• YOUR GOAL: Here is a listing. Write it all out again exactly, but not its pictures.

• MATERIAL PROVIDED:

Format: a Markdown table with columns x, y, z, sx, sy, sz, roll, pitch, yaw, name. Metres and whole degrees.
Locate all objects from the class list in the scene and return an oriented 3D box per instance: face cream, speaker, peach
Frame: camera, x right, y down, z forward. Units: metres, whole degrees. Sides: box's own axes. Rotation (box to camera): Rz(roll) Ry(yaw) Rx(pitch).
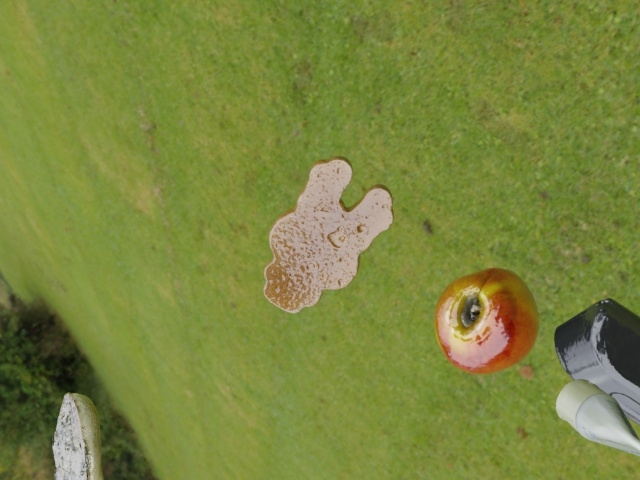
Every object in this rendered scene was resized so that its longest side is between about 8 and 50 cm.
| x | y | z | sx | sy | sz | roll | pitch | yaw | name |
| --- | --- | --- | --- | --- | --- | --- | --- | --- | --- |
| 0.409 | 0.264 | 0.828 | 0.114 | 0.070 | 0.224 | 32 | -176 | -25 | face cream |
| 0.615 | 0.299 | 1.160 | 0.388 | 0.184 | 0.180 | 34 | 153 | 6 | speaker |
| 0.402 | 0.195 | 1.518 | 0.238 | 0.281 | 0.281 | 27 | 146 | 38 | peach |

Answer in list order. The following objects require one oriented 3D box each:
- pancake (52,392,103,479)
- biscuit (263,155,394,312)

• ANSWER TO THIS TASK:
Format: a Markdown table with columns x, y, z, sx, sy, sz, roll, pitch, yaw, name. Metres and whole degrees.
Locate all objects from the class list in the scene and return an oriented 3D box per instance: face cream, speaker, peach
Frame: camera, x right, y down, z forward. Units: metres, whole degrees. Sides: box's own axes. Rotation (box to camera): Rz(roll) Ry(yaw) Rx(pitch).
Every object in this rendered scene was resized so that its longest side is between about 8 and 50 cm.
| x | y | z | sx | sy | sz | roll | pitch | yaw | name |
| --- | --- | --- | --- | --- | --- | --- | --- | --- | --- |
| 0.409 | 0.264 | 0.828 | 0.114 | 0.070 | 0.224 | 32 | -176 | -25 | face cream |
| 0.615 | 0.299 | 1.160 | 0.388 | 0.184 | 0.180 | 34 | 153 | 6 | speaker |
| 0.402 | 0.195 | 1.518 | 0.238 | 0.281 | 0.281 | 27 | 146 | 38 | peach |

Answer in list order. The following objects require one oriented 3D box each:
- pancake (52,392,103,479)
- biscuit (263,155,394,312)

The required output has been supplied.